To do ▸ Beneath this instruction is a listing; print exactly the lines in it starting at the line that contains "<code> <loc_0><loc_0><loc_500><loc_500><_Python_>" and going through the line that contains "Convert chart to".

Data for review ▸
-- Opening Marker --

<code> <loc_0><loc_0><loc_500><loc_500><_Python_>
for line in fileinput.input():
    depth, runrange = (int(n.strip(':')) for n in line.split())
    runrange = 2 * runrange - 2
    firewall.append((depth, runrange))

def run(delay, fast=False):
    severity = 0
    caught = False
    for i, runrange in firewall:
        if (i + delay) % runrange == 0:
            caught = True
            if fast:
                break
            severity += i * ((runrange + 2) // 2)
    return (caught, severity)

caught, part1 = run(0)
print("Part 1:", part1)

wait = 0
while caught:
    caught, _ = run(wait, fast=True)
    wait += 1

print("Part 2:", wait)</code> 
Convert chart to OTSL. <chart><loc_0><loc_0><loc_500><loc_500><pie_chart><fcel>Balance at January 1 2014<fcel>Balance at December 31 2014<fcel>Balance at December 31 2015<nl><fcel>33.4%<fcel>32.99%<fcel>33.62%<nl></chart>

-- Closing Marker --
-- Opening Marker --

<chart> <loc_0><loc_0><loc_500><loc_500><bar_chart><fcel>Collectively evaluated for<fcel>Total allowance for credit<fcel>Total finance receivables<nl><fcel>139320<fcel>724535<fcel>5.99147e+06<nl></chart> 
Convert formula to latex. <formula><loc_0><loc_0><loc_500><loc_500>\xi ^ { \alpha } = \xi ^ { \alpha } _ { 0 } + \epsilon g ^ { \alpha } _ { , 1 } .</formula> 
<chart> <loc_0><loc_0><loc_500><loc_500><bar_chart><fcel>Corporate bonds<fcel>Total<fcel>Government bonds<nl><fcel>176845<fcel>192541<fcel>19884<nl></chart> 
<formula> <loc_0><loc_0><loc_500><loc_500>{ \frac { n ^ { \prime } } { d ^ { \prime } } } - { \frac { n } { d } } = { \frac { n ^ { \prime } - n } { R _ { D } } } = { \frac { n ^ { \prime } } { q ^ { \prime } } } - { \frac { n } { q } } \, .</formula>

-- Closing Marker --

Written solution ▸
<code> <loc_0><loc_0><loc_500><loc_500><_Python_>
for line in fileinput.input():
    depth, runrange = (int(n.strip(':')) for n in line.split())
    runrange = 2 * runrange - 2
    firewall.append((depth, runrange))

def run(delay, fast=False):
    severity = 0
    caught = False
    for i, runrange in firewall:
        if (i + delay) % runrange == 0:
            caught = True
            if fast:
                break
            severity += i * ((runrange + 2) // 2)
    return (caught, severity)

caught, part1 = run(0)
print("Part 1:", part1)

wait = 0
while caught:
    caught, _ = run(wait, fast=True)
    wait += 1

print("Part 2:", wait)</code> 
Convert chart to OTSL. <chart><loc_0><loc_0><loc_500><loc_500><pie_chart><fcel>Balance at January 1 2014<fcel>Balance at December 31 2014<fcel>Balance at December 31 2015<nl><fcel>33.4%<fcel>32.99%<fcel>33.62%<nl></chart>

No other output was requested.